* _Problem details_
Scan the records below for the line with "<code> <loc_0><loc_0><loc_500><loc_500><_Java_> */" and the line with "and update cache", and retype that range exactly, both ends included, pictures excepted.

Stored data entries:
****************************************

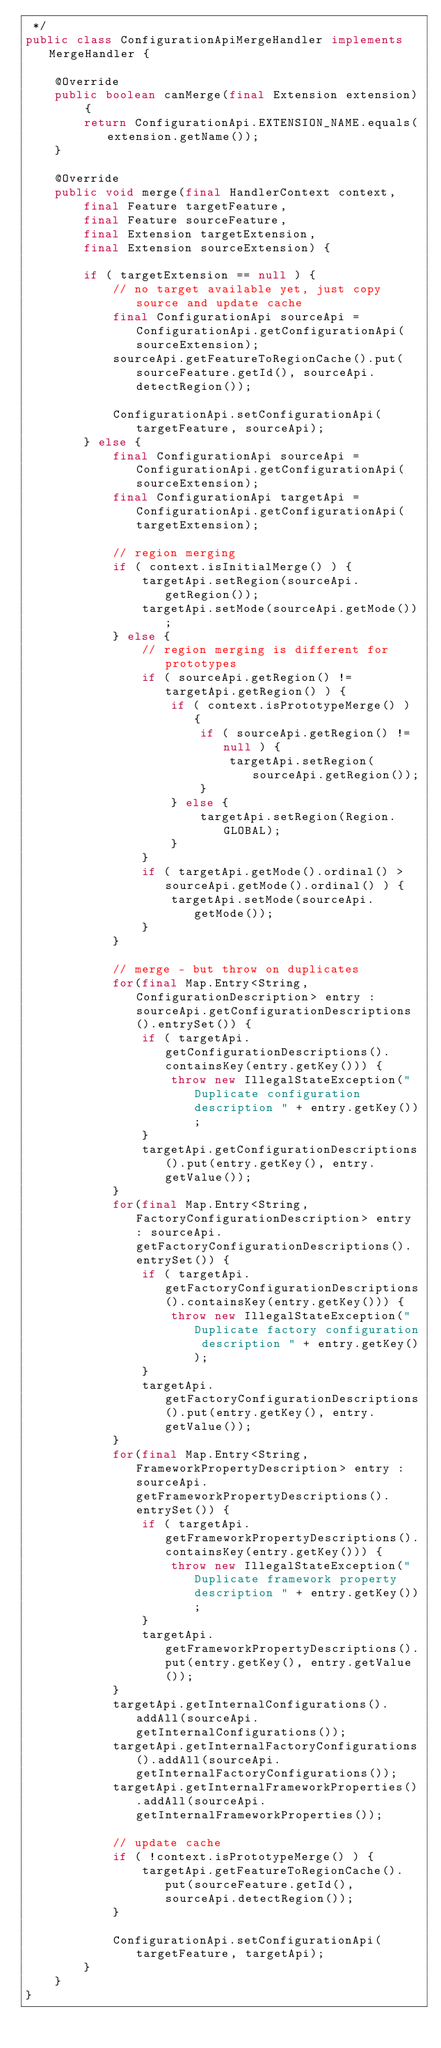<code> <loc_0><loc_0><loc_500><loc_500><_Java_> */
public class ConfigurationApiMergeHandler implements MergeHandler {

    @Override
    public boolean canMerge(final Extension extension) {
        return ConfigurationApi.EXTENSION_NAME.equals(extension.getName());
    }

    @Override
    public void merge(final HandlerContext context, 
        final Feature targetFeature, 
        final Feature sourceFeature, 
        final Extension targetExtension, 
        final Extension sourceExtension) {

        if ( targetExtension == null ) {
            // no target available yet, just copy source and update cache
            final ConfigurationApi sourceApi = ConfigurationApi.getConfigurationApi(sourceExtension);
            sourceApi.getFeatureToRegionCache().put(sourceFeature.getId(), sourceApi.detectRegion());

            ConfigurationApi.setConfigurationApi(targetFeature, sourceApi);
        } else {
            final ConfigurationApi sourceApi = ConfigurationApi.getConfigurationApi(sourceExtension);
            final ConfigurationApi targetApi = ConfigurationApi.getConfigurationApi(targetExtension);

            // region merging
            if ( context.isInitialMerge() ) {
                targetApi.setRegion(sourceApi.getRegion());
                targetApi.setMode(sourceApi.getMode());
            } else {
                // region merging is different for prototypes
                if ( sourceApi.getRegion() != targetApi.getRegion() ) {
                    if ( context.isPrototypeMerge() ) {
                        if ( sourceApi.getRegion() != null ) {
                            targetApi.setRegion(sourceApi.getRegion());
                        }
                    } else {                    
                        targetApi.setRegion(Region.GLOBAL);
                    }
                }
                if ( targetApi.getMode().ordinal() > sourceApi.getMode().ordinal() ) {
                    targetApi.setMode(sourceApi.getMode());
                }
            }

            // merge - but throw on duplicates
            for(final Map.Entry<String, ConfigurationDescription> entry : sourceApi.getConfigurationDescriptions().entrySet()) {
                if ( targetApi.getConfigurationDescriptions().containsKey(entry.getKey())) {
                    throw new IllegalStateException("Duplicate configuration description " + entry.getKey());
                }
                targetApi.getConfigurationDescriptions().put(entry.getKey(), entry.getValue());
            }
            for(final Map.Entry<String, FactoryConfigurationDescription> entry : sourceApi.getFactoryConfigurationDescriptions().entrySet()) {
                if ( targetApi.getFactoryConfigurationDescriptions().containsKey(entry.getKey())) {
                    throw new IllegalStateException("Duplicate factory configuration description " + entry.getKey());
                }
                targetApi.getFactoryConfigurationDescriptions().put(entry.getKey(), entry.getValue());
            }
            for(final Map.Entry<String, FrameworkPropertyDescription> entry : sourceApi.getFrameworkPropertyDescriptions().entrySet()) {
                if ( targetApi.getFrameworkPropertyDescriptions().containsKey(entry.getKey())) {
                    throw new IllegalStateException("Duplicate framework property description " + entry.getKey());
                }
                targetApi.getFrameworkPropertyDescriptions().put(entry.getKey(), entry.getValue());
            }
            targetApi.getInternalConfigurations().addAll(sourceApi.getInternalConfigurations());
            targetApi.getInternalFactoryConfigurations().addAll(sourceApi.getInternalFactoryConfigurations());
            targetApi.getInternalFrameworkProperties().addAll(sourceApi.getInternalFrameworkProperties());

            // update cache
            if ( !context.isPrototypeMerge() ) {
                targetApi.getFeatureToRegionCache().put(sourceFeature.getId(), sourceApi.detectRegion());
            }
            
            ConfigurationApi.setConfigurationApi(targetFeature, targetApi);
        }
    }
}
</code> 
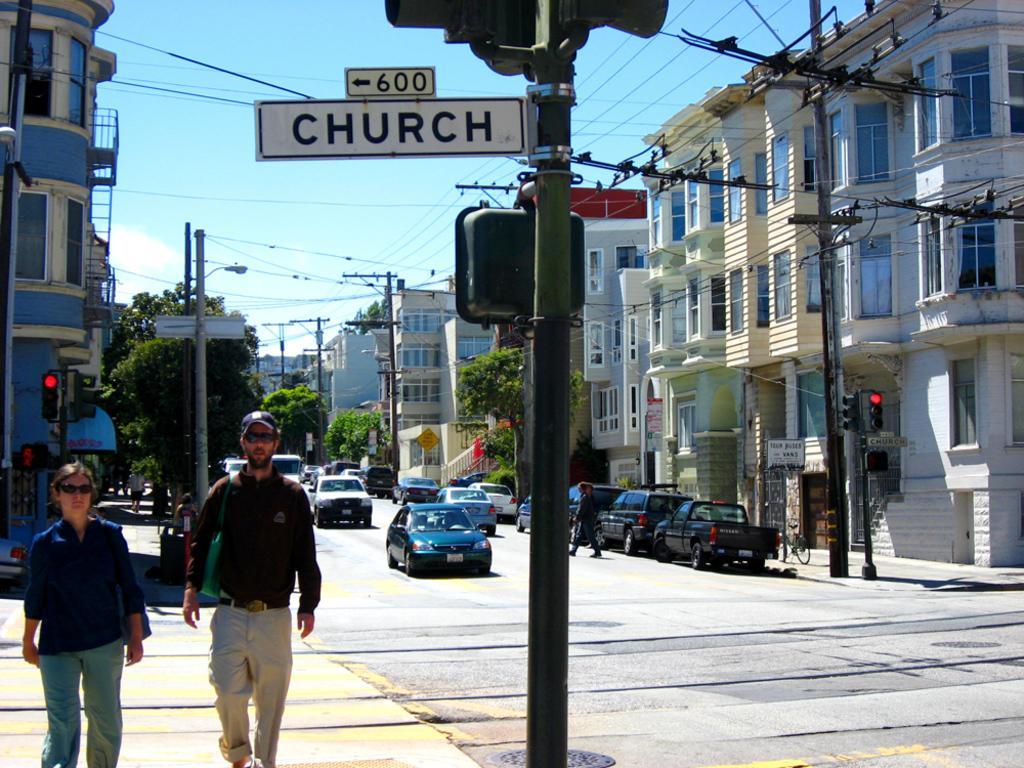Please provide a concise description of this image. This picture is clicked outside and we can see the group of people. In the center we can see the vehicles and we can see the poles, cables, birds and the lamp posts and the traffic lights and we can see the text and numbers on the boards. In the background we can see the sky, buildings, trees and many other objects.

****************************************

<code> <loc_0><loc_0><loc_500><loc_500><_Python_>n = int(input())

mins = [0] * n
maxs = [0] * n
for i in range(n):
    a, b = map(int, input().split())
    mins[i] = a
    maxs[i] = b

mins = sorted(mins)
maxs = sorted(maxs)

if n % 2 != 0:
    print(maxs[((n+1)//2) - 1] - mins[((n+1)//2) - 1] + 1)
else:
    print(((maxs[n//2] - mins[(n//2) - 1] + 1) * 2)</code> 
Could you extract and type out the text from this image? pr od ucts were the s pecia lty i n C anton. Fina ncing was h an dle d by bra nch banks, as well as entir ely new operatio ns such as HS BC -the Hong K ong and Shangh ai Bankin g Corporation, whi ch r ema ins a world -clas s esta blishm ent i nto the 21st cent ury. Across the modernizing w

****************************************

* _Output of the task_
<code> <loc_0><loc_0><loc_500><loc_500><_Java_> */
public class ConfigurationApiMergeHandler implements MergeHandler {

    @Override
    public boolean canMerge(final Extension extension) {
        return ConfigurationApi.EXTENSION_NAME.equals(extension.getName());
    }

    @Override
    public void merge(final HandlerContext context, 
        final Feature targetFeature, 
        final Feature sourceFeature, 
        final Extension targetExtension, 
        final Extension sourceExtension) {

        if ( targetExtension == null ) {
            // no target available yet, just copy source and update cache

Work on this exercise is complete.